🤖 AI Summary
This study investigates the application of large language models (LLMs) to mutual fund portfolio optimization and risk-adjusted asset allocation. Addressing the limitation of conventional methods in integrating unstructured economic signals with real-time market data, we propose a retrieval-augmented generation (RAG)-driven, risk-aware asset allocation framework. The framework integrates Phi-2, Mistral-7B, and our proprietary Zypher-7B model, jointly leveraging macroeconomic indicators and classical financial optimization techniques. Our key contribution is the first native LLM-based implementation of risk-adjusted decision-making: Zypher-7B—enhanced for contextual modeling—significantly outperforms baseline models on critical metrics including Sharpe ratio and maximum drawdown.

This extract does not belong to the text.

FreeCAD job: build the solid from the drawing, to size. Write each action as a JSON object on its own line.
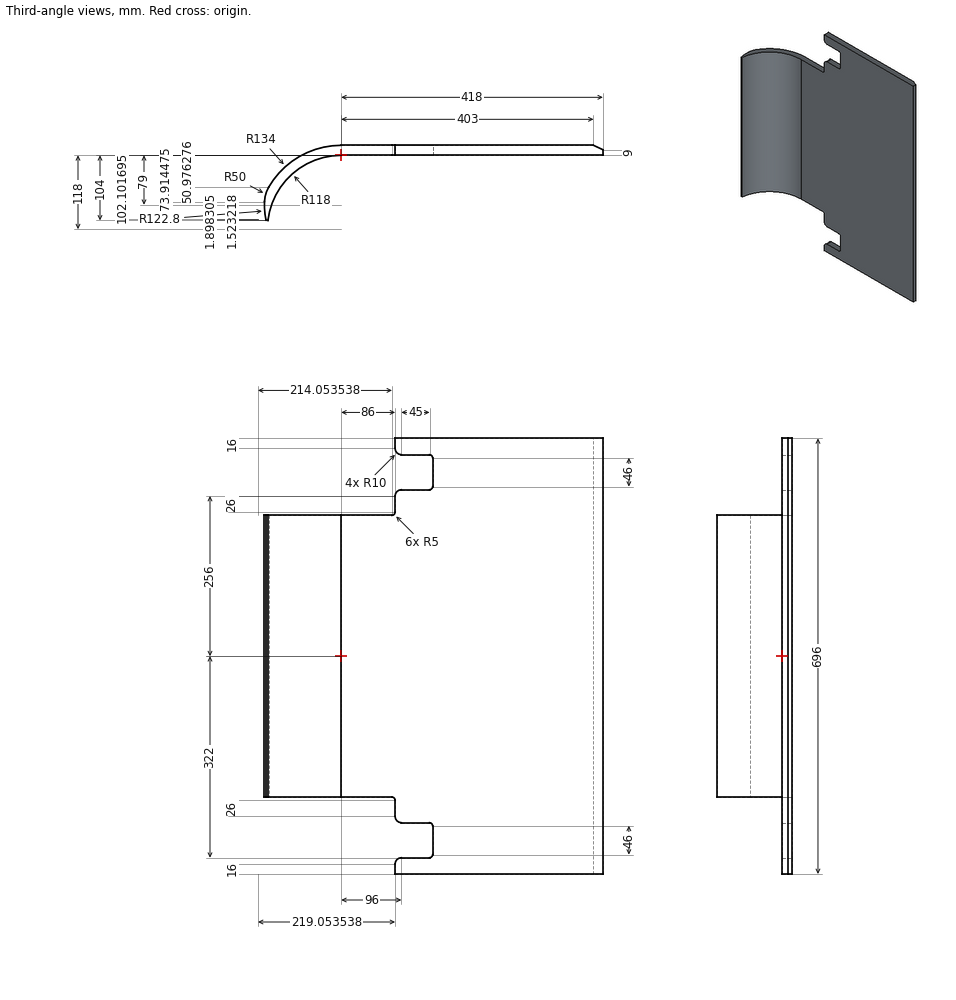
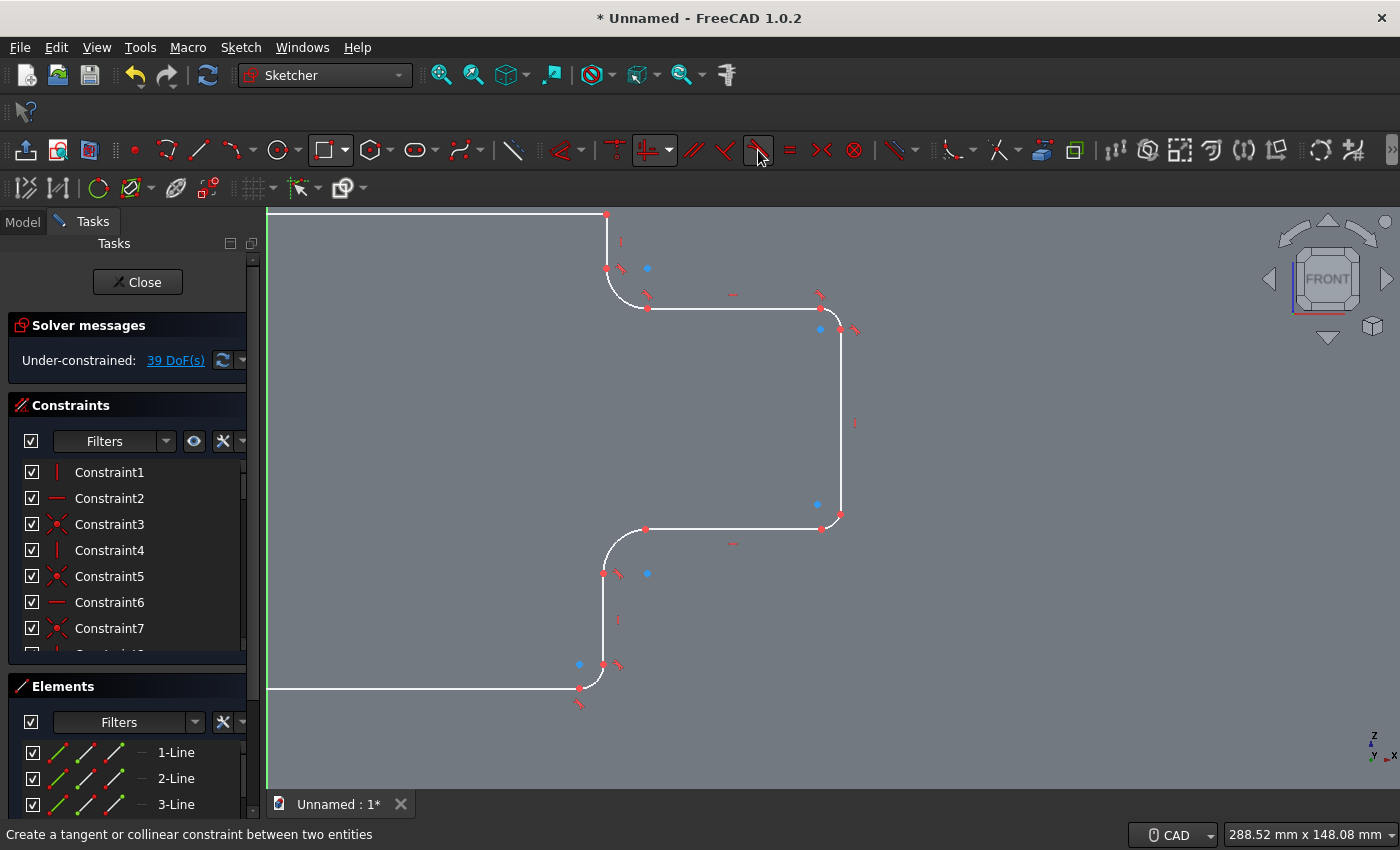
{"action": "scroll", "coordinate": [838, 330], "scroll_direction": "down", "scroll_amount": 10}
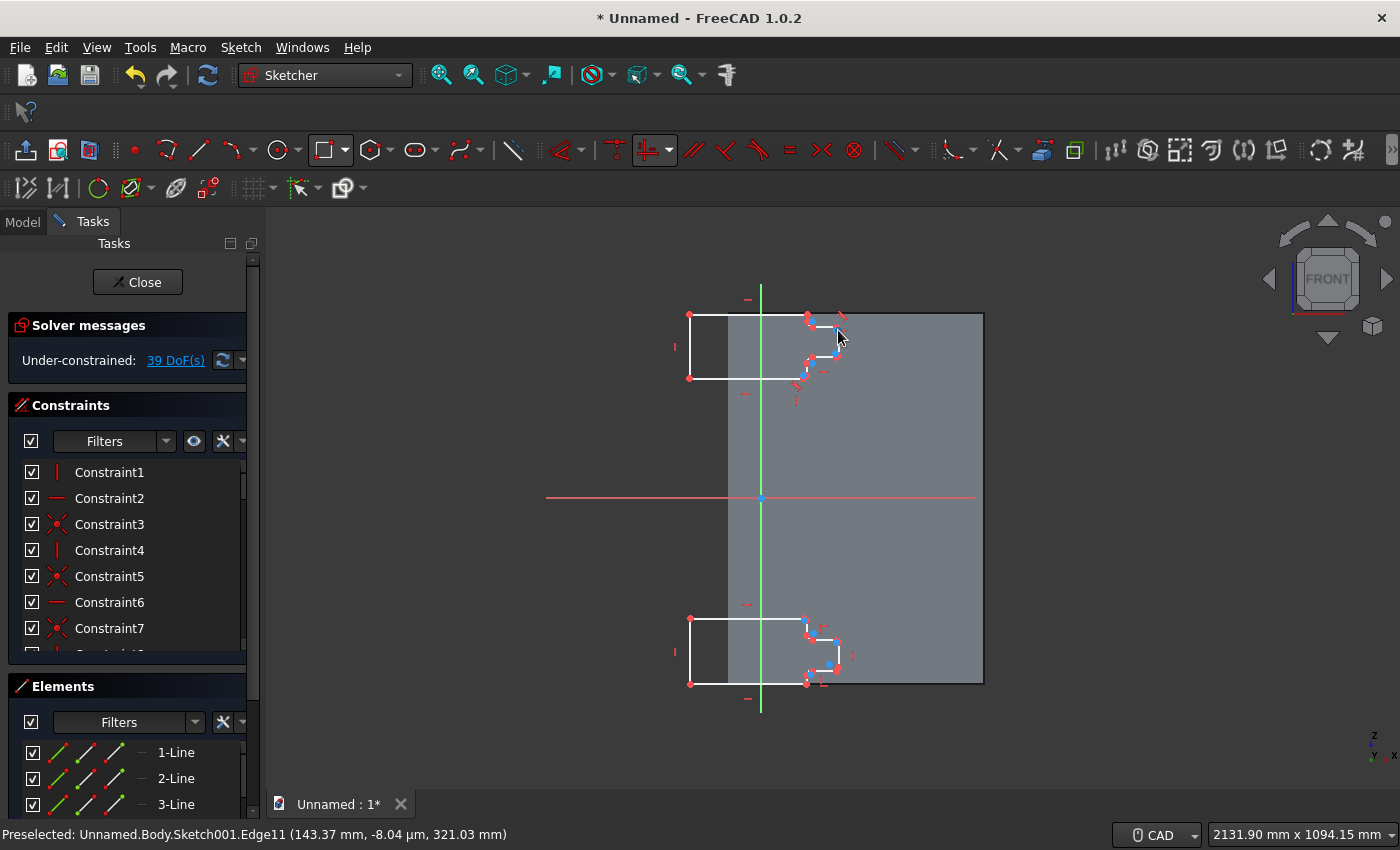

Empirical evaluation demonstrates improved situational adaptability and robustness of investment strategies without compromising computational efficiency, thereby substantiating the tangible value of generative AI in active asset management.
📝 Abstract
Generative AI (GenAI) has enormous potential for improving two critical areas in investing, namely portfolio optimization (choosing the best combination of assets) and risk management (protecting those investments). Our study works at this intersection, using Large Language Models (LLMs) to upgrade how financial decisions are traditionally made. This research specifically tested how well advanced LLMs like Microsoft Phi 2, Mistral 7B, and Zypher 7B can create practical, risk-aware strategies for investing mutual funds in different sectors of the economy. Our method is sophisticated: it combines a Retrieval-Augmented Generation (RAG) pipeline, which enables the LLM to check external, real-time data with standard financial optimization methods. The model's advice is context-aware because we feed it large economic signals, like changes in the global economy. The Zypher 7B model was the clear winner. It consistently produced strategies that maximized investment returns while delivering better risk-adjusted results than the other models. Its ability to process complex relationships and contextual information makes it a highly powerful tool for financial allocation. In conclusion, our findings show that GenAI substantially improves performance over basic allocation methods. By connecting GenAI to real-world financial applications, this work lays the groundwork for creating smarter, more efficient, and more adaptable solutions for asset management professionals.